Instructions for the task ->
What is needed here is a verbatim copy of the records that follow.

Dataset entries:
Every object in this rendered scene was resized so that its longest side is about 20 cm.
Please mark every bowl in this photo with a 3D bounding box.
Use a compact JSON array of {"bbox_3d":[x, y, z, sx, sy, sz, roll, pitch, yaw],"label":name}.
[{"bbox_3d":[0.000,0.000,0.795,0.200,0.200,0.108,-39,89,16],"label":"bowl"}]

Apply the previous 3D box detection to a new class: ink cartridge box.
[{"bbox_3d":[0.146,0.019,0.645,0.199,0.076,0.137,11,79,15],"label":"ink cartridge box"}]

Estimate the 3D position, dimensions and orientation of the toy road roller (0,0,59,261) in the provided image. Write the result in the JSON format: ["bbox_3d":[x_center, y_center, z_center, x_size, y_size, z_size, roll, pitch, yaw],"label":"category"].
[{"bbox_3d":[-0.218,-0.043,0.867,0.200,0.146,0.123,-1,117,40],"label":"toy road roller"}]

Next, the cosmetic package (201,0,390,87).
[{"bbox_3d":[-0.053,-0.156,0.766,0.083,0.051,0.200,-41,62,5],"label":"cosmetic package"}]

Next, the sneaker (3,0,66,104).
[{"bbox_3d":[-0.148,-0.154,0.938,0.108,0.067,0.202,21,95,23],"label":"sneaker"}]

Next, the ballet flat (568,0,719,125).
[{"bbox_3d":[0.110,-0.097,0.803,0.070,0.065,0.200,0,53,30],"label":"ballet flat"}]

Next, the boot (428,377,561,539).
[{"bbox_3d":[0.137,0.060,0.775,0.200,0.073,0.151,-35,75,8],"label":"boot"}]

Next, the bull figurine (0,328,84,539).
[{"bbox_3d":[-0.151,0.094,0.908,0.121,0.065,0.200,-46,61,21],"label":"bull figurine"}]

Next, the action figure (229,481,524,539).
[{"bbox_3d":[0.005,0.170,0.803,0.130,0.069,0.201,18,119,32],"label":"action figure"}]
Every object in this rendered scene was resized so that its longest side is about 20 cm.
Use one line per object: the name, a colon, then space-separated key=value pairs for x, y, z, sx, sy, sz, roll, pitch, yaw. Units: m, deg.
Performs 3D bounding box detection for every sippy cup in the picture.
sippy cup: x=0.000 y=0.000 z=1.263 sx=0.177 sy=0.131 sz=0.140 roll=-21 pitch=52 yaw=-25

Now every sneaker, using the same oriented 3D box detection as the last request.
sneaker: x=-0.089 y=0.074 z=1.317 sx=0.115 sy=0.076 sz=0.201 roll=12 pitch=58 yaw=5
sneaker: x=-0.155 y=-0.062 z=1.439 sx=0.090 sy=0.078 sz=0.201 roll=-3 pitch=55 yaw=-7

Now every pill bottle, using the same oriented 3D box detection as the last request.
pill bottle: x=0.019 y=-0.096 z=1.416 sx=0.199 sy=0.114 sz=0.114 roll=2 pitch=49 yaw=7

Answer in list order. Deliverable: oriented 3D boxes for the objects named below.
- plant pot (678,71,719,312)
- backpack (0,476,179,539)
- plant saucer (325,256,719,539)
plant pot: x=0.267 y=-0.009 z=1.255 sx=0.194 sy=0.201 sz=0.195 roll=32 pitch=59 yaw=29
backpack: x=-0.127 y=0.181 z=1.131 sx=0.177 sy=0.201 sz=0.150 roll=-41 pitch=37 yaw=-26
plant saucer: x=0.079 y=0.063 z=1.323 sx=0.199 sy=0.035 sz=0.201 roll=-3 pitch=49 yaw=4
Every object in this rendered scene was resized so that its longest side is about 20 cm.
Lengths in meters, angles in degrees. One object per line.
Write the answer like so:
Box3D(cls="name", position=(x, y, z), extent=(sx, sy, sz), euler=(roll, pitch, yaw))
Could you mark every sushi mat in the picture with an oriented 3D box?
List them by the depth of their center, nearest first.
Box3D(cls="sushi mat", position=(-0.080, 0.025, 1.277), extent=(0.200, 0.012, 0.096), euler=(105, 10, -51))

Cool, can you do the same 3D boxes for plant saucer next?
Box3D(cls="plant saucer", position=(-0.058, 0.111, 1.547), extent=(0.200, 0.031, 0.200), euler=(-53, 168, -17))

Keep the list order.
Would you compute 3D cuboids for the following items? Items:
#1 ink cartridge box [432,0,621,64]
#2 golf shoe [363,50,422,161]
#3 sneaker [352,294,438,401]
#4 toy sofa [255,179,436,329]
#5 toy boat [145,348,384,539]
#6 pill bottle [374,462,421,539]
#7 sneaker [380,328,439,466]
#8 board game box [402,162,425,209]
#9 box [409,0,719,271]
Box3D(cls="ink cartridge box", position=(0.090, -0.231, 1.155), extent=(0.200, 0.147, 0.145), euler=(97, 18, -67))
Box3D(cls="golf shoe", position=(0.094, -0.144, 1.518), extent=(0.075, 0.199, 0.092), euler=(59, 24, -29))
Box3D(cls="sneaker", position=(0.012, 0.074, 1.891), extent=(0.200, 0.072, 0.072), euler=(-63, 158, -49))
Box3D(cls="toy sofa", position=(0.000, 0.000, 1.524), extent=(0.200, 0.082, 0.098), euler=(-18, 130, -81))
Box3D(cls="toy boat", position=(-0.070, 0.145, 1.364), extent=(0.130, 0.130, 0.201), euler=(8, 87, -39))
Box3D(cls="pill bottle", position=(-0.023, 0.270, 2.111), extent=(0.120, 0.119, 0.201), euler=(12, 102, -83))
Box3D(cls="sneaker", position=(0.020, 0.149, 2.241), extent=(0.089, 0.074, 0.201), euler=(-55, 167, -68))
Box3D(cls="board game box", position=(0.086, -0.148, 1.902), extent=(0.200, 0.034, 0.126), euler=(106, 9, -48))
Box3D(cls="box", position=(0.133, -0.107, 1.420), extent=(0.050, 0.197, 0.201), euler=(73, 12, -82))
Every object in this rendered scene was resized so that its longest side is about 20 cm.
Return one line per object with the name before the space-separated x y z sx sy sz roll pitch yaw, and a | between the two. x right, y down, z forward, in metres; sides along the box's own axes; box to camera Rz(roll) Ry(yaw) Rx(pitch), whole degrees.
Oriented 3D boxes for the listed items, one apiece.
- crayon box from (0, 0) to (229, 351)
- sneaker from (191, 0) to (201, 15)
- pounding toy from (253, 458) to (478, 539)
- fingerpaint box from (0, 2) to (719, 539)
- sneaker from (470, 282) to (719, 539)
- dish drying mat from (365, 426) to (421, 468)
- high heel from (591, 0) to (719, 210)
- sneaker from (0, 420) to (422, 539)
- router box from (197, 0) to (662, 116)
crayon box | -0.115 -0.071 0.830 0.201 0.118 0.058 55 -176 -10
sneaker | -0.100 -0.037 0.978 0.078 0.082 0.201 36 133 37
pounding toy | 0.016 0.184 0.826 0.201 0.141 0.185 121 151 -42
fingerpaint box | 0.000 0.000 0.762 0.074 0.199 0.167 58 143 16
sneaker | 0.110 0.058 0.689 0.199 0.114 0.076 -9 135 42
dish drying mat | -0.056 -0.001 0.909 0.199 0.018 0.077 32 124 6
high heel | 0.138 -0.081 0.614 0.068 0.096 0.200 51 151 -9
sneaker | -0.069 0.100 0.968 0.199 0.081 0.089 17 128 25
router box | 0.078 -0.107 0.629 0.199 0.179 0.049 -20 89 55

Task result ->
Every object in this rendered scene was resized so that its longest side is about 20 cm.
Please mark every bowl in this photo with a 3D bounding box.
Use a compact JSON array of {"bbox_3d":[x, y, z, sx, sy, sz, roll, pitch, yaw],"label":name}.
[{"bbox_3d":[0.000,0.000,0.795,0.200,0.200,0.108,-39,89,16],"label":"bowl"}]

Apply the previous 3D box detection to a new class: ink cartridge box.
[{"bbox_3d":[0.146,0.019,0.645,0.199,0.076,0.137,11,79,15],"label":"ink cartridge box"}]

Estimate the 3D position, dimensions and orientation of the toy road roller (0,0,59,261) in the provided image. Write the result in the JSON format: ["bbox_3d":[x_center, y_center, z_center, x_size, y_size, z_size, roll, pitch, yaw],"label":"category"].
[{"bbox_3d":[-0.218,-0.043,0.867,0.200,0.146,0.123,-1,117,40],"label":"toy road roller"}]

Next, the cosmetic package (201,0,390,87).
[{"bbox_3d":[-0.053,-0.156,0.766,0.083,0.051,0.200,-41,62,5],"label":"cosmetic package"}]

Next, the sneaker (3,0,66,104).
[{"bbox_3d":[-0.148,-0.154,0.938,0.108,0.067,0.202,21,95,23],"label":"sneaker"}]

Next, the ballet flat (568,0,719,125).
[{"bbox_3d":[0.110,-0.097,0.803,0.070,0.065,0.200,0,53,30],"label":"ballet flat"}]

Next, the boot (428,377,561,539).
[{"bbox_3d":[0.137,0.060,0.775,0.200,0.073,0.151,-35,75,8],"label":"boot"}]

Next, the bull figurine (0,328,84,539).
[{"bbox_3d":[-0.151,0.094,0.908,0.121,0.065,0.200,-46,61,21],"label":"bull figurine"}]

Next, the action figure (229,481,524,539).
[{"bbox_3d":[0.005,0.170,0.803,0.130,0.069,0.201,18,119,32],"label":"action figure"}]
Every object in this rendered scene was resized so that its longest side is about 20 cm.
Use one line per object: the name, a colon, then space-separated key=value pairs for x, y, z, sx, sy, sz, roll, pitch, yaw. Units: m, deg.
Performs 3D bounding box detection for every sippy cup in the picture.
sippy cup: x=0.000 y=0.000 z=1.263 sx=0.177 sy=0.131 sz=0.140 roll=-21 pitch=52 yaw=-25

Now every sneaker, using the same oriented 3D box detection as the last request.
sneaker: x=-0.089 y=0.074 z=1.317 sx=0.115 sy=0.076 sz=0.201 roll=12 pitch=58 yaw=5
sneaker: x=-0.155 y=-0.062 z=1.439 sx=0.090 sy=0.078 sz=0.201 roll=-3 pitch=55 yaw=-7

Now every pill bottle, using the same oriented 3D box detection as the last request.
pill bottle: x=0.019 y=-0.096 z=1.416 sx=0.199 sy=0.114 sz=0.114 roll=2 pitch=49 yaw=7

Answer in list order. Deliverable: oriented 3D boxes for the objects named below.
- plant pot (678,71,719,312)
- backpack (0,476,179,539)
- plant saucer (325,256,719,539)
plant pot: x=0.267 y=-0.009 z=1.255 sx=0.194 sy=0.201 sz=0.195 roll=32 pitch=59 yaw=29
backpack: x=-0.127 y=0.181 z=1.131 sx=0.177 sy=0.201 sz=0.150 roll=-41 pitch=37 yaw=-26
plant saucer: x=0.079 y=0.063 z=1.323 sx=0.199 sy=0.035 sz=0.201 roll=-3 pitch=49 yaw=4
Every object in this rendered scene was resized so that its longest side is about 20 cm.
Lengths in meters, angles in degrees. One object per line.
Write the answer like so:
Box3D(cls="name", position=(x, y, z), extent=(sx, sy, sz), euler=(roll, pitch, yaw))
Could you mark every sushi mat in the picture with an oriented 3D box?
List them by the depth of their center, nearest first.
Box3D(cls="sushi mat", position=(-0.080, 0.025, 1.277), extent=(0.200, 0.012, 0.096), euler=(105, 10, -51))

Cool, can you do the same 3D boxes for plant saucer next?
Box3D(cls="plant saucer", position=(-0.058, 0.111, 1.547), extent=(0.200, 0.031, 0.200), euler=(-53, 168, -17))

Keep the list order.
Would you compute 3D cuboids for the following items? Items:
#1 ink cartridge box [432,0,621,64]
#2 golf shoe [363,50,422,161]
#3 sneaker [352,294,438,401]
#4 toy sofa [255,179,436,329]
#5 toy boat [145,348,384,539]
#6 pill bottle [374,462,421,539]
#7 sneaker [380,328,439,466]
#8 board game box [402,162,425,209]
#9 box [409,0,719,271]
Box3D(cls="ink cartridge box", position=(0.090, -0.231, 1.155), extent=(0.200, 0.147, 0.145), euler=(97, 18, -67))
Box3D(cls="golf shoe", position=(0.094, -0.144, 1.518), extent=(0.075, 0.199, 0.092), euler=(59, 24, -29))
Box3D(cls="sneaker", position=(0.012, 0.074, 1.891), extent=(0.200, 0.072, 0.072), euler=(-63, 158, -49))
Box3D(cls="toy sofa", position=(0.000, 0.000, 1.524), extent=(0.200, 0.082, 0.098), euler=(-18, 130, -81))
Box3D(cls="toy boat", position=(-0.070, 0.145, 1.364), extent=(0.130, 0.130, 0.201), euler=(8, 87, -39))
Box3D(cls="pill bottle", position=(-0.023, 0.270, 2.111), extent=(0.120, 0.119, 0.201), euler=(12, 102, -83))
Box3D(cls="sneaker", position=(0.020, 0.149, 2.241), extent=(0.089, 0.074, 0.201), euler=(-55, 167, -68))
Box3D(cls="board game box", position=(0.086, -0.148, 1.902), extent=(0.200, 0.034, 0.126), euler=(106, 9, -48))
Box3D(cls="box", position=(0.133, -0.107, 1.420), extent=(0.050, 0.197, 0.201), euler=(73, 12, -82))
Every object in this rendered scene was resized so that its longest side is about 20 cm.
Return one line per object with the name before the space-separated x y z sx sy sz roll pitch yaw, and a | between the two. x right, y down, z forward, in metres; sides along the box's own axes; box to camera Rz(roll) Ry(yaw) Rx(pitch), whole degrees.
Oriented 3D boxes for the listed items, one apiece.
- crayon box from (0, 0) to (229, 351)
- sneaker from (191, 0) to (201, 15)
- pounding toy from (253, 458) to (478, 539)
- fingerpaint box from (0, 2) to (719, 539)
- sneaker from (470, 282) to (719, 539)
- dish drying mat from (365, 426) to (421, 468)
- high heel from (591, 0) to (719, 210)
- sneaker from (0, 420) to (422, 539)
- router box from (197, 0) to (662, 116)
crayon box | -0.115 -0.071 0.830 0.201 0.118 0.058 55 -176 -10
sneaker | -0.100 -0.037 0.978 0.078 0.082 0.201 36 133 37
pounding toy | 0.016 0.184 0.826 0.201 0.141 0.185 121 151 -42
fingerpaint box | 0.000 0.000 0.762 0.074 0.199 0.167 58 143 16
sneaker | 0.110 0.058 0.689 0.199 0.114 0.076 -9 135 42
dish drying mat | -0.056 -0.001 0.909 0.199 0.018 0.077 32 124 6
high heel | 0.138 -0.081 0.614 0.068 0.096 0.200 51 151 -9
sneaker | -0.069 0.100 0.968 0.199 0.081 0.089 17 128 25
router box | 0.078 -0.107 0.629 0.199 0.179 0.049 -20 89 55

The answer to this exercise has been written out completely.